Sunday 5 June 2016

New Arguments for Reuniting the Parthenon Sculptures

South Frieze Block III.8-9 pre-crowbar
Two hundred years ago this week the British House of Commons voted to buy the exquisite sculptures, which Lord Elgin’s workmen had in 1803 crowbarred from the Parthenon, for the sum of £35,000 (£2.4 million in today’s money). I personally prefer to call them 'sculptures': 'marbles' does not convey the phenomenal amount of work which went into their production.

The Same Block post-crowbar 

The parliamentary debate on June 7th 1816 was tempestuous. A famine meant starvation for many British poor. But Lord Castlereagh, Tory Leader of the House of Commons, in triumphalist mood after Waterloo, was determined to use the incalculable symbolic value of the sculptures (despite the damage which the crowbarring had inflicted) in the cause of British national pride. He wanted to spend as much again on a British Museum in which to house them.


Peter Moore
A forgotten hero of the debate was Peter Moore, vicar’s son and radical Whig M.P. for Coventry. He announced that he was making a counter-claim for this apparently available cash on behalf of his hungry constituents. 

Cruikshank Satirises Purchase when many Britons were starving

In this cartoon, Castlereagh says to John Bull, ‘Here's a Bargain for you Johnny! Only £35.000!! I have bought them on purpose for you! Never think of Bread when you can have Stones so wonderous Cheap!!’ John Bull’s emaciated children retort, ‘Don't buy them Daddy! we don't want Stones. Give us Bread! Give us Bread! Give us Bread!


Eddie O'Hara: RIP
Last week Eddie O’Hara died. He was the inspiring Chairman of the British Committee for the Reunification of the Parthenon Marbles, of which I am a member. It is heartbreaking for his family. It is awful that he was deprived of the opportunity this week offers for public debate about the issue so close to his heart. His death is a cruel blow to the cause.

Eddie O’Hara was a working-class boy from Bootle.
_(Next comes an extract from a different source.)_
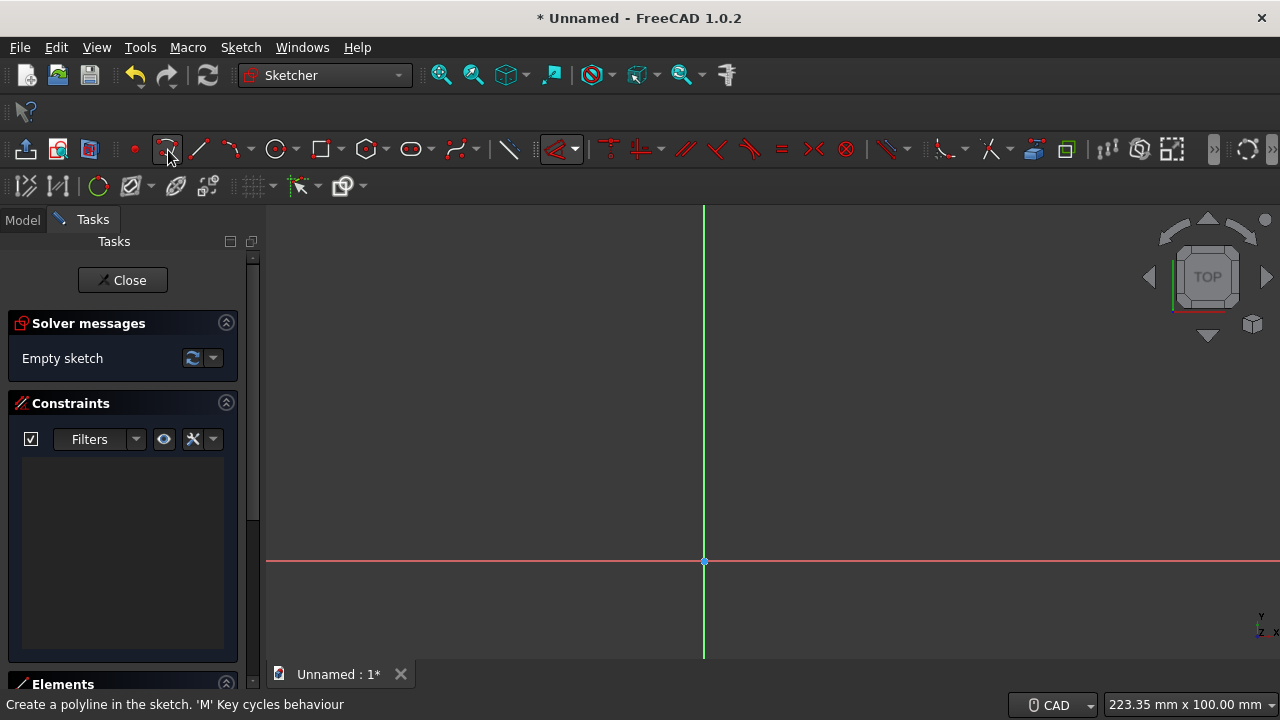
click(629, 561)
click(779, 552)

He got to Magdalen College, Oxford, to study Classics, in the days when such upward mobility was still made possible by Direct and Student Maintenance Grants.  He served for twenty years as Labour MP for Knowsley South. He was passionate, principled, energetic, and will be difficult to replace.

If you live in Britain, or are a Briton abroad sympathetic to the campaign to reunite the Parthenon sculptures in the city where they were created, you can find out more about how to help the BCRPM here, for example by writing to your MP.


I am about to do this, again. I will point out that since most Britons had no vote in 1816, the purchase of the sculptures had no democratic mandate. I will also suggest that the current Lord Elgin donate the £2.4 million his family extracted from the British taxpayer, in exchange for sculptures expropriated from the residents of Athens, to a poverty charity or pressure organisation such as the Child Poverty Action Group. The children of Coventry, one third of whom live below the poverty line, would be a good place to start. 

1 comment:

  1. A blatant case of clear-cut looting. The BM should be ashamed of itself for its continual trumped-up excuses. These belong to Greece and the Acropolis!